== Segment start ==
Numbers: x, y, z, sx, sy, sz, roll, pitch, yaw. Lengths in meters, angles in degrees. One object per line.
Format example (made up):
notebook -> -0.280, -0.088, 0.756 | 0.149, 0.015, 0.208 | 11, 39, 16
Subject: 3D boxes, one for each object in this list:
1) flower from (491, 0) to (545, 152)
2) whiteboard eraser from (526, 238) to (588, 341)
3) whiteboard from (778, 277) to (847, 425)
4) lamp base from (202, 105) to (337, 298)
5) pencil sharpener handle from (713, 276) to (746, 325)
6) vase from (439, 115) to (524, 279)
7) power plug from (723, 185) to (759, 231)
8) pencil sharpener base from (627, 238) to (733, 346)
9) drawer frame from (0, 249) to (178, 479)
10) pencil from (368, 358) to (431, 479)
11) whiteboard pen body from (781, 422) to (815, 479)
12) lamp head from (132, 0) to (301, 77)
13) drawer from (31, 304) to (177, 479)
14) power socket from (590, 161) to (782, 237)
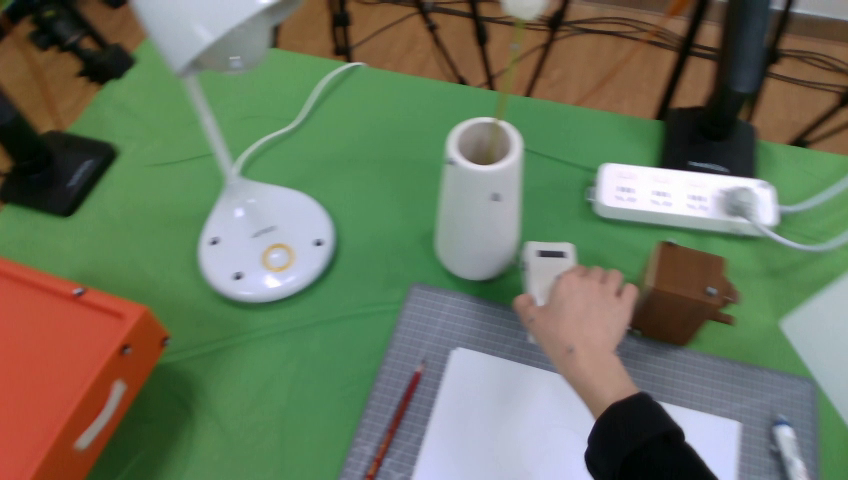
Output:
flower -> 0.070, -0.098, 0.591 | 0.038, 0.364, 0.043 | 4, 39, -4
whiteboard eraser -> 0.138, 0.053, 0.640 | 0.056, 0.042, 0.111 | 7, 55, -5
whiteboard -> 0.531, 0.083, 0.531 | 0.144, 0.307, 0.215 | -4, 55, -23
lamp base -> -0.197, -0.051, 0.678 | 0.160, 0.182, 0.177 | -35, 60, -19
pencil sharpener handle -> 0.315, 0.065, 0.617 | 0.030, 0.068, 0.036 | 16, 58, 12
vase -> 0.062, -0.041, 0.652 | 0.098, 0.202, 0.097 | -2, 57, 3
power plug -> 0.367, -0.033, 0.708 | 0.035, 0.053, 0.072 | 17, 61, 13
pencil sharpener base -> 0.268, 0.058, 0.637 | 0.076, 0.108, 0.061 | 16, 59, 12
drawer frame -> -0.390, 0.127, 0.579 | 0.213, 0.083, 0.200 | 17, 60, 10
pencil -> -0.033, 0.202, 0.611 | 0.012, 0.012, 0.193 | 20, 59, 15
whiteboard pen body -> 0.361, 0.240, 0.565 | 0.017, 0.017, 0.139 | 0, 57, 2
lamp head -> -0.162, -0.192, 0.423 | 0.112, 0.112, 0.123 | -42, 103, -22
drawer -> -0.384, 0.126, 0.577 | 0.211, 0.074, 0.193 | 16, 60, 12
power socket -> 0.323, -0.051, 0.749 | 0.226, 0.033, 0.071 | 8, 59, 7
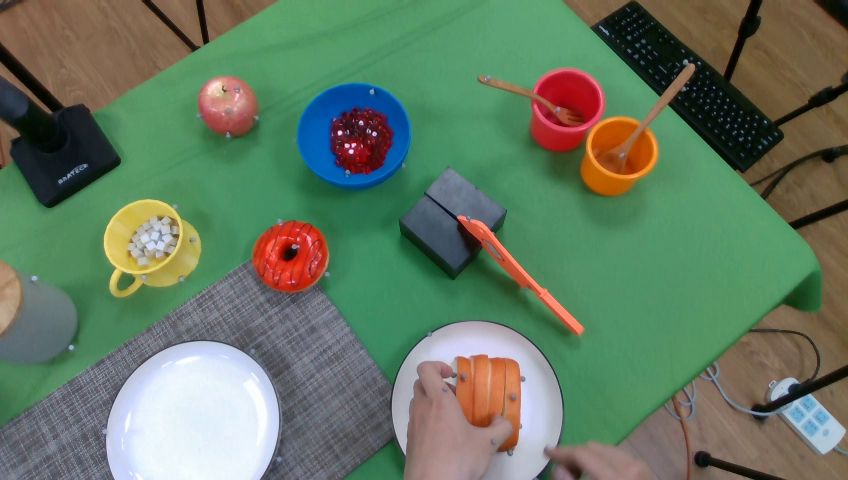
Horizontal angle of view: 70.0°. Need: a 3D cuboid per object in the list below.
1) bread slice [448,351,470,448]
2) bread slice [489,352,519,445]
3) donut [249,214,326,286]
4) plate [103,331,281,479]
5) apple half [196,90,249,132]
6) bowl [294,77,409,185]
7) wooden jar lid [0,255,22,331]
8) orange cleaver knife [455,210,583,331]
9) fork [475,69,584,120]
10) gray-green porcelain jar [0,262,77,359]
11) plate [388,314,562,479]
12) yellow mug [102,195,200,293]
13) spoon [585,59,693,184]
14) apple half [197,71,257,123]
[{"bbox_3d":[0.038,0.177,0.687,0.018,0.135,0.106,1,69,0],"label":"bread slice"},{"bbox_3d":[0.090,0.180,0.684,0.019,0.132,0.104,3,74,0],"label":"bread slice"},{"bbox_3d":[-0.177,0.013,0.790,0.099,0.048,0.098,0,72,0],"label":"donut"},{"bbox_3d":[-0.273,0.215,0.729,0.208,0.039,0.206,0,72,0],"label":"plate"},{"bbox_3d":[-0.281,-0.169,0.837,0.081,0.082,0.032,18,68,7],"label":"apple half"},{"bbox_3d":[-0.094,-0.135,0.824,0.151,0.077,0.150,0,73,0],"label":"bowl"},{"bbox_3d":[-0.497,0.066,0.671,0.108,0.021,0.107,-1,71,2],"label":"wooden jar lid"},{"bbox_3d":[0.119,0.037,0.764,0.212,0.077,0.012,45,80,-10],"label":"orange cleaver knife"},{"bbox_3d":[0.145,-0.193,0.804,0.209,0.018,0.028,11,65,-40],"label":"fork"},{"bbox_3d":[-0.496,0.086,0.730,0.106,0.127,0.105,0,71,1],"label":"gray-green porcelain jar"},{"bbox_3d":[0.061,0.194,0.737,0.209,0.038,0.208,0,72,0],"label":"plate"},{"bbox_3d":[-0.361,0.011,0.785,0.099,0.064,0.130,28,75,9],"label":"yellow mug"},{"bbox_3d":[0.280,-0.152,0.789,0.041,0.194,0.022,45,33,15],"label":"spoon"},{"bbox_3d":[-0.269,-0.203,0.850,0.080,0.075,0.053,17,67,10],"label":"apple half"}]
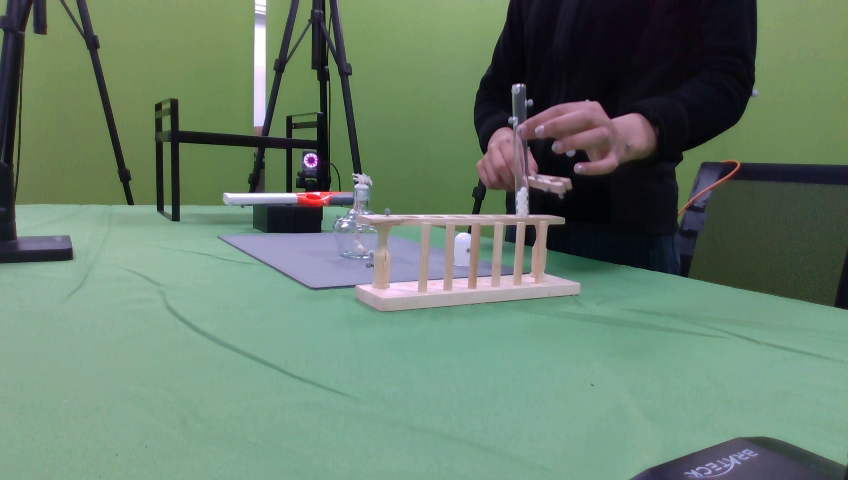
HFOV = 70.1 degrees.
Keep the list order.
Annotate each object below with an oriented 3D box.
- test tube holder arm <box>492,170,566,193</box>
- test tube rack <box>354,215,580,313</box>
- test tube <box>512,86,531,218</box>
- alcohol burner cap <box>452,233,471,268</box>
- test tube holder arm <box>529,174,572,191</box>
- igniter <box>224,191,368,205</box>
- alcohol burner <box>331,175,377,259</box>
[{"bbox_3d":[0.146,-0.087,0.873,0.013,0.015,0.177,-18,18,-22],"label":"test tube holder arm"},{"bbox_3d":[0.053,0.019,0.635,0.243,0.085,0.066,-1,8,-29],"label":"test tube rack"},{"bbox_3d":[0.108,-0.094,0.671,0.017,0.150,0.017,-4,8,1],"label":"test tube"},{"bbox_3d":[0.053,0.014,0.823,0.034,0.048,0.034,3,6,0],"label":"alcohol burner cap"},{"bbox_3d":[0.171,-0.080,0.836,0.010,0.015,0.087,-20,19,-25],"label":"test tube holder arm"},{"bbox_3d":[-0.237,-0.079,1.157,0.278,0.025,0.057,-3,21,-32],"label":"igniter"},{"bbox_3d":[-0.091,-0.033,0.855,0.078,0.119,0.078,4,7,0],"label":"alcohol burner"}]
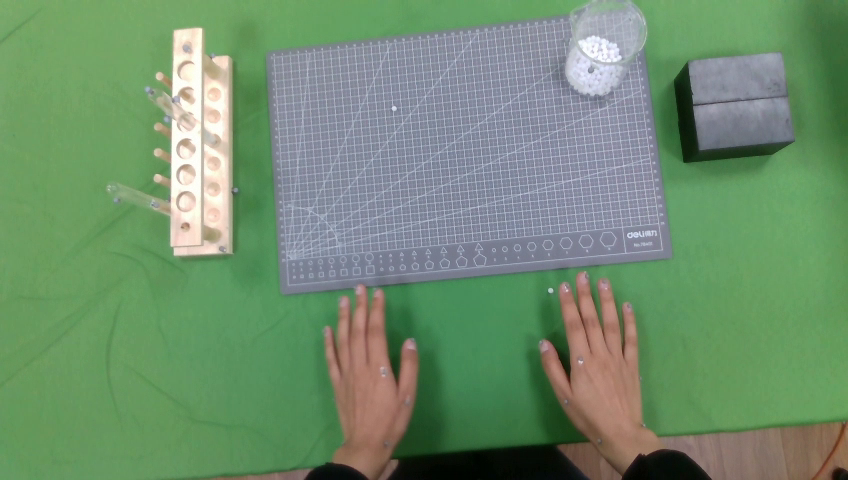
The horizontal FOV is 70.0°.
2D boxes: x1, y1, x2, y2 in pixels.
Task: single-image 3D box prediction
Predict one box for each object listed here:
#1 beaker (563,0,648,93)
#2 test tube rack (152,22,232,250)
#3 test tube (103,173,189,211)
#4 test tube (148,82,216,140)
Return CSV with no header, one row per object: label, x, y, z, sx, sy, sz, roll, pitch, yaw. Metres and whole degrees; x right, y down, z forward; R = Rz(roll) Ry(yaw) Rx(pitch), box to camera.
beaker,0.190,-0.212,0.663,0.083,0.100,0.074,32,86,9
test tube rack,-0.270,-0.114,0.697,0.067,0.085,0.241,-3,83,4
test tube,-0.290,-0.046,0.645,0.017,0.151,0.017,-1,82,6
test tube,-0.254,-0.134,0.648,0.017,0.150,0.017,0,83,0
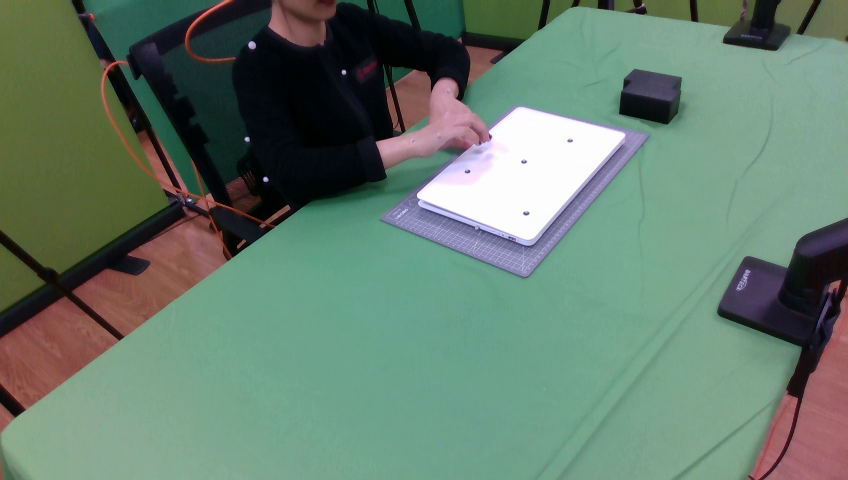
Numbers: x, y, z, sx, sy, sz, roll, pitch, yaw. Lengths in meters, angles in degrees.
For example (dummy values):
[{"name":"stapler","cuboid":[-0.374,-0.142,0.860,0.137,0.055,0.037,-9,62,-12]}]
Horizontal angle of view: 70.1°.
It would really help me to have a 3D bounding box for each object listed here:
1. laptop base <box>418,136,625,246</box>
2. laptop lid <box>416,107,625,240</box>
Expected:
[{"name":"laptop base","cuboid":[0.183,-0.122,1.094,0.233,0.023,0.355,20,48,34]},{"name":"laptop lid","cuboid":[0.179,-0.137,1.084,0.240,0.013,0.358,25,50,31]}]
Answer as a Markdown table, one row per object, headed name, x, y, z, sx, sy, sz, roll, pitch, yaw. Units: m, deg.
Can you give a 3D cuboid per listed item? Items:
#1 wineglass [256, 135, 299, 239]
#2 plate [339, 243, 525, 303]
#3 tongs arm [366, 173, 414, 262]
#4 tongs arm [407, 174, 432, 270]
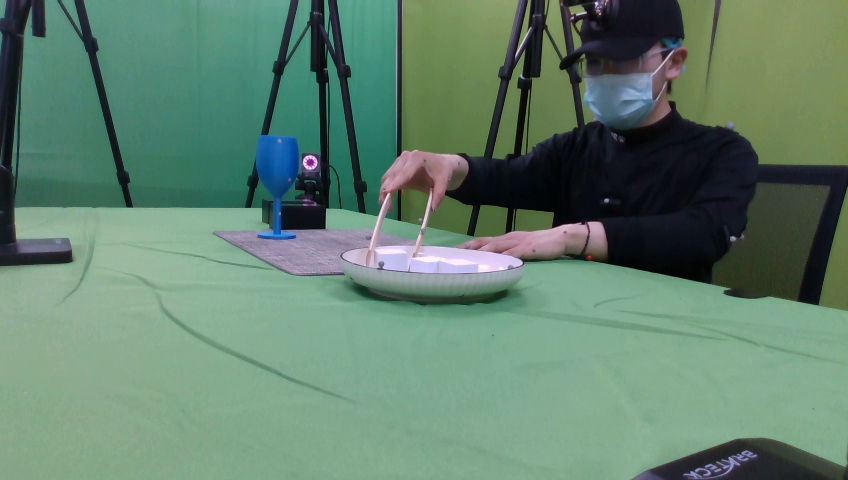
| name | x | y | z | sx | sy | sz | roll | pitch | yaw |
| --- | --- | --- | --- | --- | --- | --- | --- | --- | --- |
| wineglass | -0.252 | -0.091 | 1.035 | 0.074 | 0.172 | 0.073 | 2 | 7 | 0 |
| plate | 0.008 | 0.035 | 0.682 | 0.209 | 0.038 | 0.209 | 3 | 7 | 0 |
| tongs arm | -0.046 | -0.045 | 0.857 | 0.028 | 0.028 | 0.387 | 8 | 18 | 2 |
| tongs arm | -0.016 | -0.039 | 0.857 | 0.051 | 0.026 | 0.385 | 12 | 19 | 3 |
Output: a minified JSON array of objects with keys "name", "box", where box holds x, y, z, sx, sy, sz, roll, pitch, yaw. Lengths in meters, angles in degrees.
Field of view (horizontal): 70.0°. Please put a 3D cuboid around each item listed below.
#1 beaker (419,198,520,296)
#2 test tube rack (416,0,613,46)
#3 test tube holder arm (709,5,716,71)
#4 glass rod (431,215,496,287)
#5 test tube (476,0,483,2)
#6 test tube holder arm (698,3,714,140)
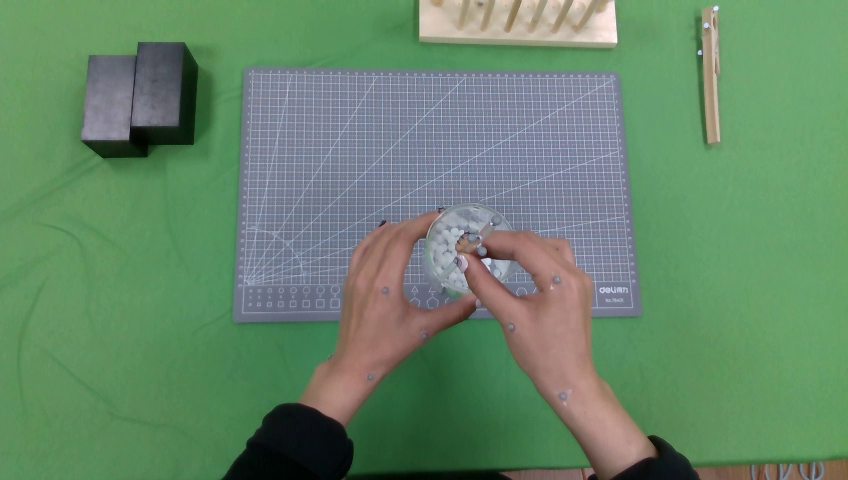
[{"name":"beaker","box":[0.035,0.012,0.529,0.084,0.100,0.074,17,81,-1]},{"name":"test tube rack","box":[0.114,-0.285,0.713,0.242,0.085,0.066,1,77,-4]},{"name":"test tube holder arm","box":[0.355,-0.250,0.756,0.010,0.015,0.087,13,75,-31]},{"name":"glass rod","box":[0.025,0.014,0.466,0.008,0.200,0.008,3,74,-9]},{"name":"test tube","box":[0.078,-0.313,0.666,0.017,0.150,0.017,3,75,-10]},{"name":"test tube holder arm","box":[0.347,-0.208,0.743,0.013,0.015,0.177,13,76,-31]}]
== Segment end ==
▶ _Task statement_: Repeat word for word the lines above that run from the line containing "- test tube rack <box>354,215,580,313</box>" through the line containing "- igniter <box>224,191,368,205</box>", both ends included, and nothing else.

▶ _Written solution_:
- test tube rack <box>354,215,580,313</box>
- test tube <box>512,86,531,218</box>
- alcohol burner cap <box>452,233,471,268</box>
- test tube holder arm <box>529,174,572,191</box>
- igniter <box>224,191,368,205</box>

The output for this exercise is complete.